Offeree CompanyAddiko Bank AG
ISINAT000ADDIKO0
OfferorRaiffeisenbank International AG
Intention to make a bid pursuant to § 5 Takeover Act announced on

08 Apr 2026

Bid to be notified pursuant to § 10 Takeover Act until 22 Apr 2026, extended pursuant to § 10 para 1 Takeover Act until

07 May 2026

Bid notified pursuant to § 10 Takeover Act on

27 Apr 2026

Bid to be announced pursuant to § 11 Takeover Act (conditional on a period abridgement request pursuant to § 11 para 1 Takeover Act)
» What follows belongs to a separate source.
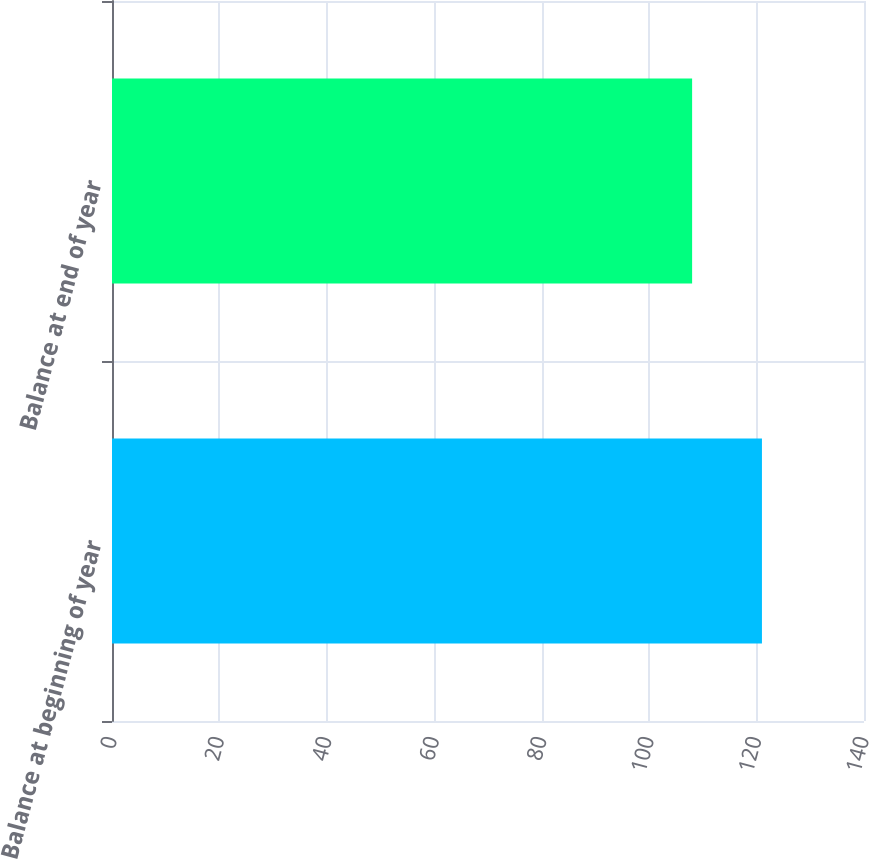Convert chart. <chart><loc_0><loc_0><loc_500><loc_500><bar_chart><fcel>Balance at beginning of year<fcel>Balance at end of year<nl><fcel>121<fcel>108<nl></chart>

Not earlier than 14 May 2026, not later than 19 May 2026

Bid announced pursuant to § 11 Takeover Act on

14 May 2026

Acceptance period

14 May 2026 until 22 July 2026,  5:00 p.m. (CET)

Extendet Acceptance Period

The Extended Acceptance Period begins, in accordance with § 19 para 3 Takeover Act, on the date of announcement of the result of the Offer and lasts for three months, provided that the Closing Conditions pursuant to  Section 4.1.1 and 4.1.4 of this offer are met by the end of the Acceptance Period. Assuming that the result is announced on 27 Jul 2026, the Extended Acceptance Period begins on 27 Jul 2026 and ends on 27 Oct 2026.

Offer price

EUR 26.50 (twenty-six euros and fifty cents) for each share (cum dividend for 2025 and any additional dividends declared by the Target Company following the announcement of this offer).

Contractual Additional Payment Obligation

The Bidder has a potential variable contractual additional payment obligation to those shareholders who have accepted the Offer. For further details, please refer to the section 6.4.2(c) entitled “Carve-Out of the Carve-Out Subsidiaries” in this summary of the Offer.

Offer volume

Acquisition of 19,286,828 no-par bearer Shares of the taget Company. Excluded from the Offer are the 212,858 treasury Shares held by Addiko as well as 314 Shares owned by the Bidder.

Premium

3,11% (3M); 15,02% (6M); 21,78% (12M); 34,11% (24M); 66,04% (48M)

Conditions

The Offer is subject to the following closing conditions: 

(i)  Achievement of the minimum acceptance threshold of more than 75% (seventy-five percent) of all 19,500,000 Addiko Shares (corresponding to more than 14,625,000 Addiko Shares) by the end of the Acceptance Period; 

(ii)  Antitrust approval or non-prohibition of the merger by May 14, 2027; Regulatory approval or non-prohibition of the transaction by 14 May 2027; and 

(iii)  No material adverse change at Addiko until the end of the Acceptance Periode. 

The Bidder expressly reserves the right to waive, in whole or in part, the fulfillment of individual Closing Conditions to the extent permitted by law. Not-withstanding the shorter Acceptance Period, all Closing Conditions must be fulfilled by no later than 14 May 2027 (Long Stop Date); otherwise, the offer will become ineffective.

Paying agent

Raiffeisen Bank International AG, FN 122119 m, Am Stadtpark 9, 1030 Vienna

Shares held by bidder and parties acing in concert prior to announcement of the offer

The Offeror, RBI AG, holds 314 shares, and the party acting in concert, Alta Group, holds 1,878,167 shares directly (see Section 2.2.4).